Originally I thought that they were developing another “casual-player dungeon” but that it wouldn’t be ready in time for the next patch (1.10). Then the drama mounted and the players started to rage even more than before as Tigole announced that a brand new 40-man instanced zone with, ZOMG, 18 bosses was going to be released this spring.
Now we know that the huge raid zone was in fact planned to be released with the 1.10 patch:
With all due respect, we’re not going to put Naxxramas on hold longer than we did.
It was originally scheduled for 1.10.
It is not anymore because the players started to RAGE. It seems that the protests have forced Blizzard to delay that instance to avoid an open conflict beyond what they have already.
But, you see, that’s the trend. Tigole is …annoyed by all these swarms of players that demand to be taken into consideration. While the great majority of the resources are put to the happy EverQuest raiders that Tigole proudly leads:
The way the raiding game operates is different from the non-raiding game.

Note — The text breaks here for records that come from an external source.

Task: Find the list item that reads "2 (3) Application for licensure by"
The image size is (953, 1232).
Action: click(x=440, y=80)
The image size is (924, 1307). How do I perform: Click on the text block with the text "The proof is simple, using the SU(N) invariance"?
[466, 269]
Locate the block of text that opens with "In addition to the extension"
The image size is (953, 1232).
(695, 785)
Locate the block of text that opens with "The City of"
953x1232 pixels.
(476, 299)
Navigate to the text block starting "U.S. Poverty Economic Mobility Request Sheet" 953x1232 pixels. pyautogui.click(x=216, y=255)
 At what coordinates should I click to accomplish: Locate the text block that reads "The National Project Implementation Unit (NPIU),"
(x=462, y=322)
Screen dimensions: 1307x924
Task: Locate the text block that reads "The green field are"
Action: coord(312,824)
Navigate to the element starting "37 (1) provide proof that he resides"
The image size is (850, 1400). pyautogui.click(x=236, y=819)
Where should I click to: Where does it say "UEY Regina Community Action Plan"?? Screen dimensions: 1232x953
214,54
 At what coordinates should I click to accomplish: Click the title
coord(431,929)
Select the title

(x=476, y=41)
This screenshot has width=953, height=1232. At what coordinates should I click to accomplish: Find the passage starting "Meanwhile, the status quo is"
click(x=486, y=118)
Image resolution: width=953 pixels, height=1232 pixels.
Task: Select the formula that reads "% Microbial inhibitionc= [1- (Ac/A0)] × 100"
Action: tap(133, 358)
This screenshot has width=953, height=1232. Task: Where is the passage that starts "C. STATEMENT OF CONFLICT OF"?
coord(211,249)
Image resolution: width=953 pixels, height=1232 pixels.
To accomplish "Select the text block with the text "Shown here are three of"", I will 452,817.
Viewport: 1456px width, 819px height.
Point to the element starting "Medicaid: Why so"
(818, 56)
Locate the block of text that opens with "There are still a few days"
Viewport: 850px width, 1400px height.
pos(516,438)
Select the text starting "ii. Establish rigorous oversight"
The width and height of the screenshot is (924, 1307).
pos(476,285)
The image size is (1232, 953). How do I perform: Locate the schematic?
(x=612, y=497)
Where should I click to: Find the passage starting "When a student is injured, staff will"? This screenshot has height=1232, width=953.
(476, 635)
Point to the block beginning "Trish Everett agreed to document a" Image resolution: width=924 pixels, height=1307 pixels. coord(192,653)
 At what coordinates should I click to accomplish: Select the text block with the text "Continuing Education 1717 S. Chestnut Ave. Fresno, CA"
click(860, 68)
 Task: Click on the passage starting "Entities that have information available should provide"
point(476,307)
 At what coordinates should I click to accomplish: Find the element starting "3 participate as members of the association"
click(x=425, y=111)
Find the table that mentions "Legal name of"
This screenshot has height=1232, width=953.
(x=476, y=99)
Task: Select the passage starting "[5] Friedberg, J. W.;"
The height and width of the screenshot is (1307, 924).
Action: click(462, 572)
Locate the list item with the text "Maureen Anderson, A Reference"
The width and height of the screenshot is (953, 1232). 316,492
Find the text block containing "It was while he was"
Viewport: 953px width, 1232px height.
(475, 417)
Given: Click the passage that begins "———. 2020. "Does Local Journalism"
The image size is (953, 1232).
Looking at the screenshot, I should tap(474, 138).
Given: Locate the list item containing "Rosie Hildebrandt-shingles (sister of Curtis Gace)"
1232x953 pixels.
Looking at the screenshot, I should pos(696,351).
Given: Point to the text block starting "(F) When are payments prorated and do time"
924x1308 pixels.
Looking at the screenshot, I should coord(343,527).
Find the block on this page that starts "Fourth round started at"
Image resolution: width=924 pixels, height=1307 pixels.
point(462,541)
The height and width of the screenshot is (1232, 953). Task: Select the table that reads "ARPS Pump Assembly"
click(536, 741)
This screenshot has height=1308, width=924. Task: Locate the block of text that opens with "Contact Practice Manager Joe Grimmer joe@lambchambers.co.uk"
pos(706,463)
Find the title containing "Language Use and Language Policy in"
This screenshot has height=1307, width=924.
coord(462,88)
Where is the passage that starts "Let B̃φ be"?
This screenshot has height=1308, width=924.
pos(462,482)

We’re working on non-raider content as well, but again, Naxxramas has been in the works for months longer than this debate has been a hot topic.
The fact that they are taking in consideration non-raiding players is a flat out LIE. NOTHING AT ALL was being designed, nor even ROUGHLY PLANNED, till the drama exploded and their whole smart design plan spectacularly backfired on them.
Before the “debate has been a hot topic”, noone cared about the two distinct groups that Blizzard defined in the game.
“The way the raiding game operates is different from the non-raiding game.”
Can you see the distinction and difference of treatment? Elitists and mass. Included and excluded. Heroes and meatballs.
This “mass” of players that Blizzard gathered in their game is a …nuisance that wasn’t expected. The raiding game was supposed to be the “grand scheme” of things that would have brought the game to a new level.
18 April 2002. Four years ago. Tigole, catass leader and Blizzard freshmeat:
Blizzard’s desire to provide well designed high-end content will prove to be a breath of fresh air for the readers of this site. Unfortunately, I cannot go into much detail at this time but I can say that there are ideas being discussed for the hardcore, end-game player which are nothing short of groundbreaking. You guys, the fans of this site, know how discerning I am when it comes to “uber” content in a game. Trust me, you have much to look forward to.
The intention was already there.
Blizzard never, ever considered a distinction between two groups and never, ever planned the game to support anything but raid content (and broken PvP) at the endgame.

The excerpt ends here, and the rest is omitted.